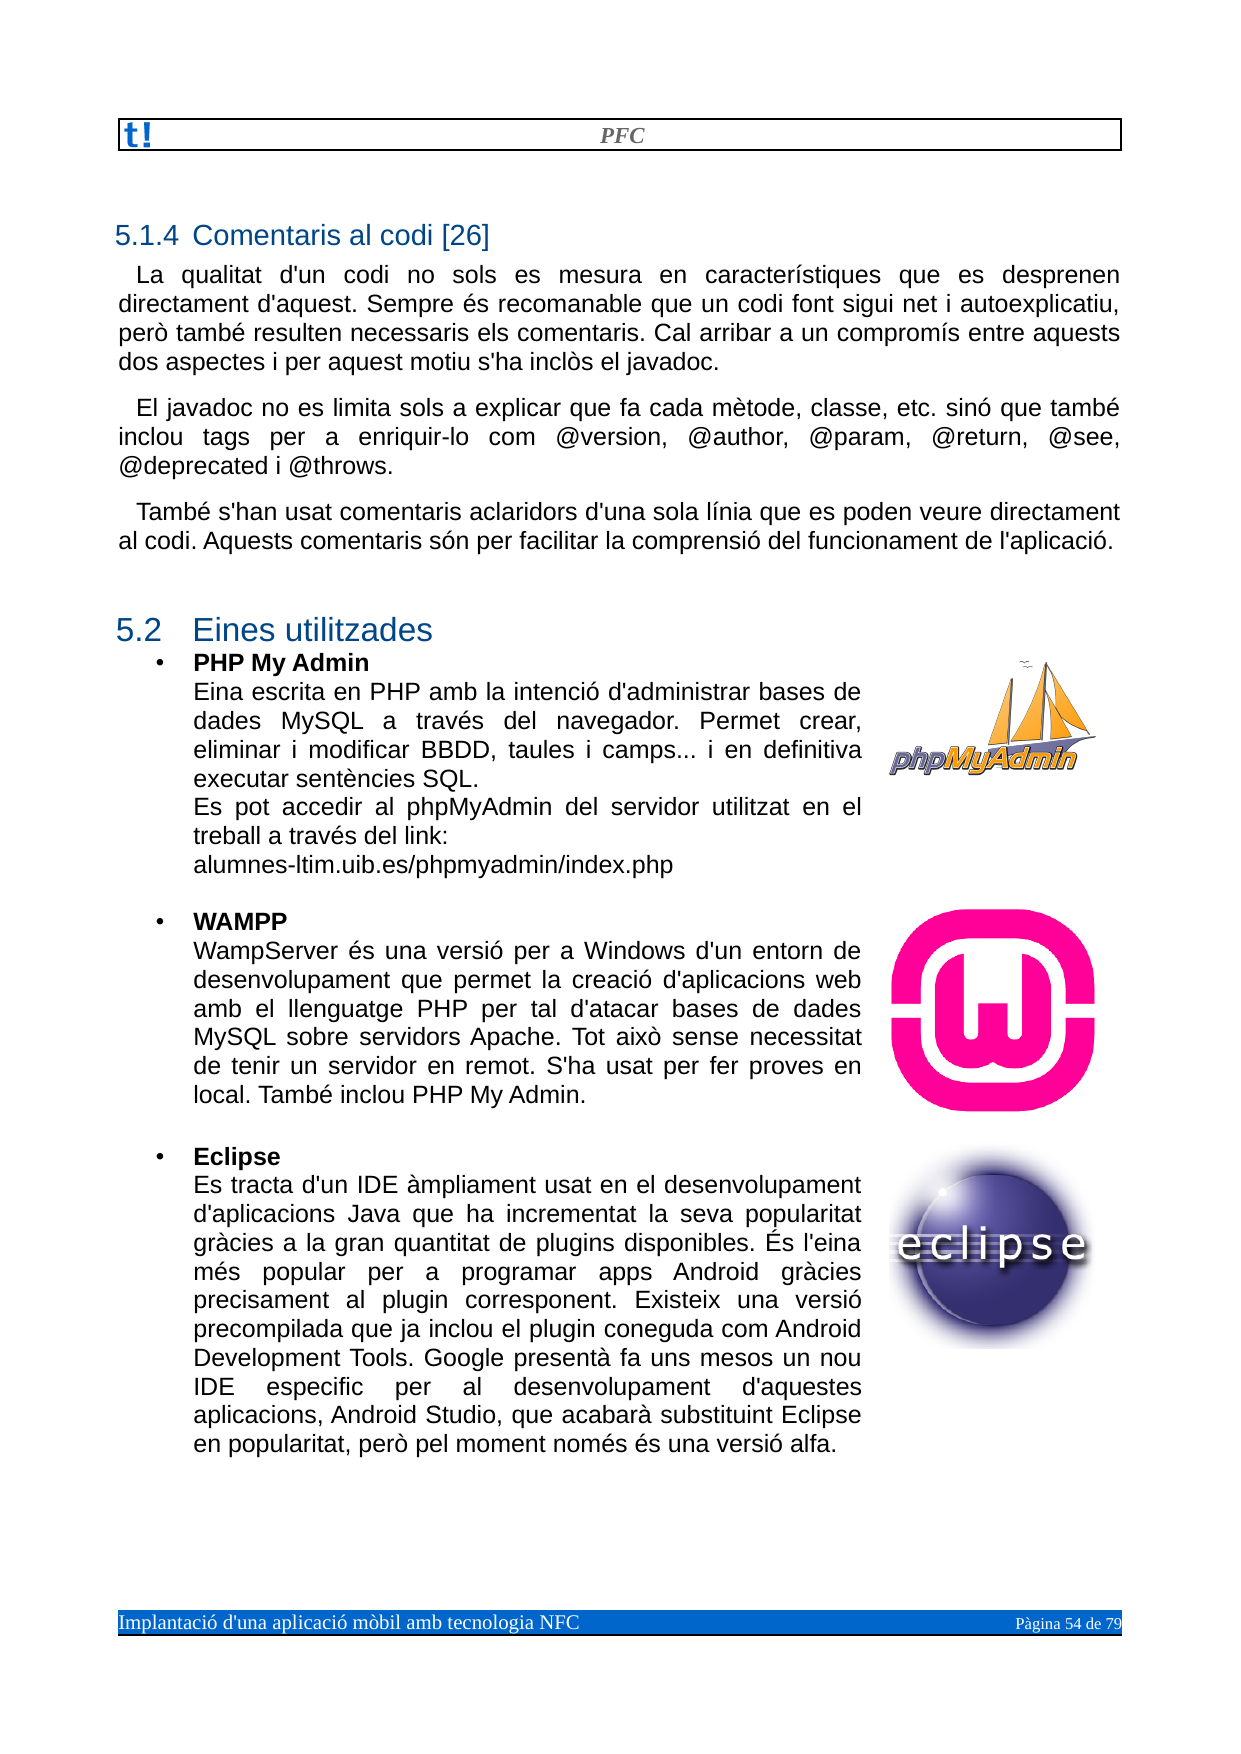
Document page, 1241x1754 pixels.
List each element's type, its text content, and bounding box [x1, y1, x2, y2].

table_cell WAMPP WampServer és una versió per a Windows d'un entorn de desenvolupament que permet la creació d'aplicacions web amb el llenguatge PHP per tal d'atacar bases de dades MySQL sobre servidors Apache. Tot això sense necessitat de tenir un servidor en remot. S'ha usat per fer proves en local. També inclou PHP My Admin. [118, 907, 863, 1142]
table_header [863, 649, 1122, 907]
table_cell [863, 907, 1122, 1142]
subtitle Eines utilitzades [106, 610, 1122, 648]
picture [123, 121, 151, 148]
picture [889, 1141, 1096, 1349]
text La qualitat d'un codi no sols es mesura en característiques que es desprenen directament d'aquest. Sempre és recomanable que un codi font sigui net i autoexplicatiu, però també resulten necessaris els comentaris. Cal arribar a un compromís entre aquests dos aspectes i per aquest motiu s'ha inclòs el javadoc. [118, 261, 1122, 376]
picture [889, 648, 1096, 795]
table_cell Eclipse Es tracta d'un IDE àmpliament usat en el desenvolupament d'aplicacions Java que ha incrementat la seva popularitat gràcies a la gran quantitat de plugins disponibles. És l'eina més popular per a programar apps Android gràcies precisament al plugin corresponent. Existeix una versió precompilada que ja inclou el plugin coneguda com Android Development Tools. Google presentà fa uns mesos un nou IDE especific per al desenvolupament d'aquestes aplicacions, Android Studio, que acabarà substituint Eclipse en popularitat, però pel moment només és una versió alfa. [118, 1142, 863, 1487]
table_header PHP My Admin Eina escrita en PHP amb la intenció d'administrar bases de dades MySQL a través del navegador. Permet crear, eliminar i modificar BBDD, taules i camps... i en definitiva executar sentències SQL. Es pot accedir al phpMyAdmin del servidor utilitzat en el treball a través del link: alumnes-ltim.uib.es/phpmyadmin/index.php [118, 649, 863, 907]
table_cell [863, 1142, 1122, 1487]
subtitle Comentaris al codi [26] [106, 218, 1122, 252]
text El javadoc no es limita sols a explicar que fa cada mètode, classe, etc. sinó que també inclou tags per a enriquir-lo com @version, @author, @param, @return, @see, @deprecated i @throws. [118, 393, 1122, 479]
text També s'han usat comentaris aclaridors d'una sola línia que es poden veure directament al codi. Aquests comentaris són per facilitar la comprensió del funcionament de l'aplicació. [118, 497, 1122, 555]
picture [889, 907, 1096, 1113]
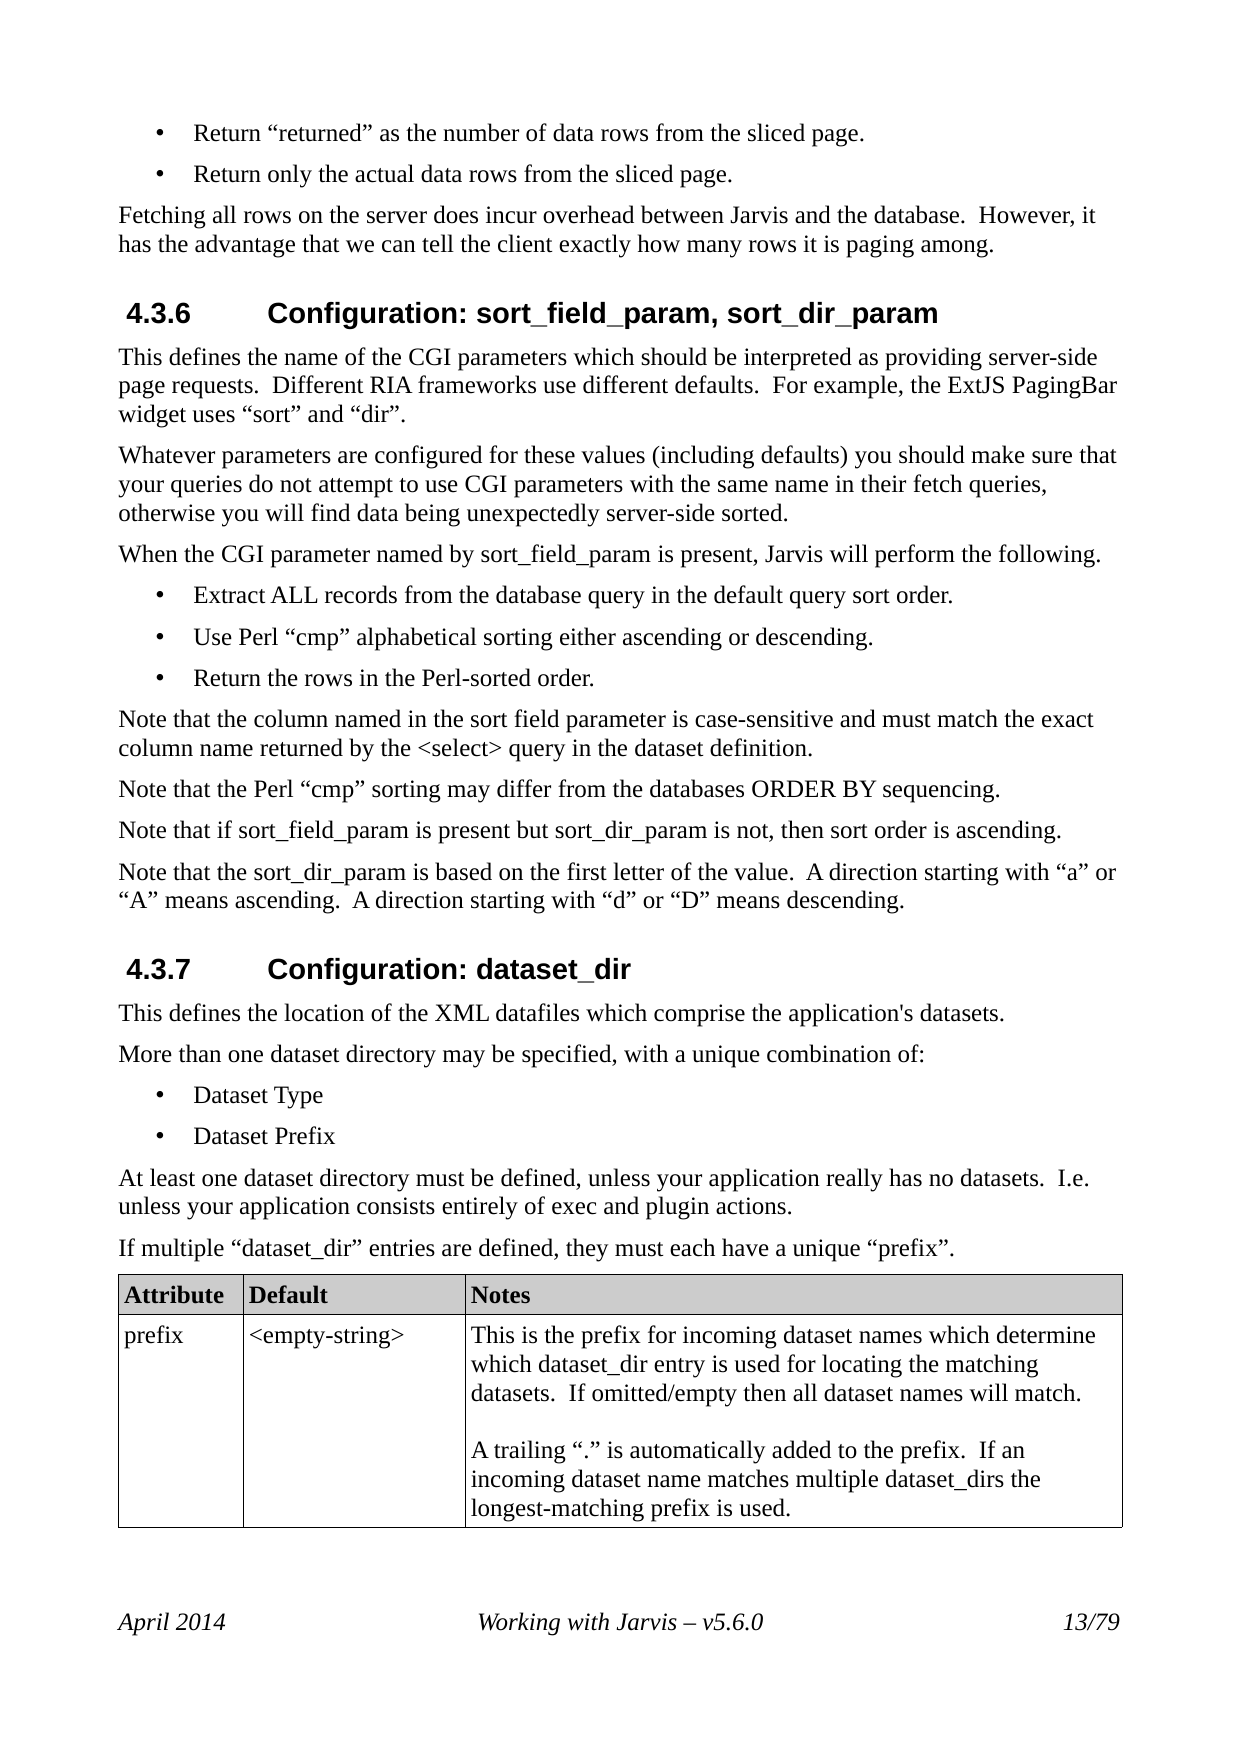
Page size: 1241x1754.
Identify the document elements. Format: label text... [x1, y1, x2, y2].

text Note that if sort_field_param is present but sort_dir_param is not, then sort order is ascending. [118, 815, 1122, 844]
text If multiple “dataset_dir” entries are defined, they must each have a unique “prefix”. [118, 1233, 1122, 1261]
text This defines the location of the XML datafiles which comprise the application's datasets. [118, 998, 1122, 1026]
text Whatever parameters are configured for these values (including defaults) you should make sure that your queries do not attempt to use CGI parameters with the same name in their fetch queries, otherwise you will find data being unexpectedly server-side sorted. [118, 440, 1122, 527]
table_header Attribute [119, 1275, 243, 1314]
text At least one dataset directory must be defined, unless your application really has no datasets. I.e. unless your application consists entirely of exec and plugin actions. [118, 1163, 1122, 1220]
list Use Perl “cmp” alphabetical sorting either ascending or descending. [156, 622, 1122, 650]
list Return “returned” as the number of data rows from the sliced page. [156, 118, 1122, 147]
text Note that the Perl “cmp” sorting may differ from the databases ORDER BY sequencing. [118, 774, 1122, 803]
text Note that the sort_dir_param is based on the first letter of the value. A direction starting with “a” or “A” means ascending. A direction starting with “d” or “D” means descending. [118, 857, 1122, 914]
subtitle Configuration: dataset_dir [118, 952, 1122, 985]
list Return only the actual data rows from the sliced page. [156, 159, 1122, 188]
text This defines the name of the CGI parameters which should be interpreted as providing server-side page requests. Different RIA frameworks use different defaults. For example, the ExtJS PagingBar widget uses “sort” and “dir”. [118, 342, 1122, 428]
subtitle Configuration: sort_field_param, sort_dir_param [118, 296, 1122, 329]
list Extract ALL records from the database query in the default query sort order. [156, 580, 1122, 609]
list Dataset Type [156, 1080, 1122, 1109]
list Dataset Prefix [156, 1121, 1122, 1150]
table_header Notes [466, 1275, 1122, 1314]
table_cell prefix [119, 1315, 243, 1527]
list Return the rows in the Perl-sorted order. [156, 663, 1122, 692]
text Fetching all rows on the server does incur overhead between Jarvis and the database. However, it has the advantage that we can tell the client exactly how many rows it is paging among. [118, 201, 1122, 258]
text When the CGI parameter named by sort_field_param is present, Jarvis will perform the following. [118, 539, 1122, 568]
table_cell <empty-string> [244, 1315, 465, 1527]
table_cell This is the prefix for incoming dataset names which determine which dataset_dir entry is used for locating the matching datasets. If omitted/empty then all dataset names will match. A trailing “.” is automatically added to the prefix. If an incoming dataset name matches multiple dataset_dirs the longest-matching prefix is used. [466, 1315, 1122, 1527]
text Note that the column named in the sort field parameter is case-sensitive and must match the exact column name returned by the <select> query in the dataset definition. [118, 704, 1122, 762]
text More than one dataset directory may be specified, with a unique combination of: [118, 1039, 1122, 1068]
table_header Default [244, 1275, 465, 1314]

:: Task to complete ::
Start at the line containing "table_header PHP My" above and stop at the line containing "text Whatever parameters". Output those lines exactly, both included, but none of the pictures.

:: Answer space ::
table_header PHP My Admin Eina escrita en PHP amb la intenció d'administrar bases de dades MySQL a través del navegador. Permet crear, eliminar i modificar BBDD, taules i camps... i en definitiva executar sentències SQL. Es pot accedir al phpMyAdmin del servidor utilitzat en el treball a través del link: alumnes-ltim.uib.es/phpmyadmin/index.php [118, 649, 863, 907]
table_cell [863, 1142, 1122, 1487]
subtitle Comentaris al codi [26] [106, 218, 1122, 252]
text El javadoc no es limita sols a explicar que fa cada mètode, classe, etc. sinó que també inclou tags per a enriquir-lo com @version, @author, @param, @return, @see, @deprecated i @throws. [118, 393, 1122, 479]
text També s'han usat comentaris aclaridors d'una sola línia que es poden veure directament al codi. Aquests comentaris són per facilitar la comprensió del funcionament de l'aplicació. [118, 497, 1122, 555]
picture [889, 907, 1096, 1113]
Page size: 1241x1754.
Identify the document elements. Format: label text... [x1, y1, x2, y2].

text Note that if sort_field_param is present but sort_dir_param is not, then sort order is ascending. [118, 815, 1122, 844]
text If multiple “dataset_dir” entries are defined, they must each have a unique “prefix”. [118, 1233, 1122, 1261]
text This defines the location of the XML datafiles which comprise the application's datasets. [118, 998, 1122, 1026]
text Whatever parameters are configured for these values (including defaults) you should make sure that your queries do not attempt to use CGI parameters with the same name in their fetch queries, otherwise you will find data being unexpectedly server-side sorted. [118, 440, 1122, 527]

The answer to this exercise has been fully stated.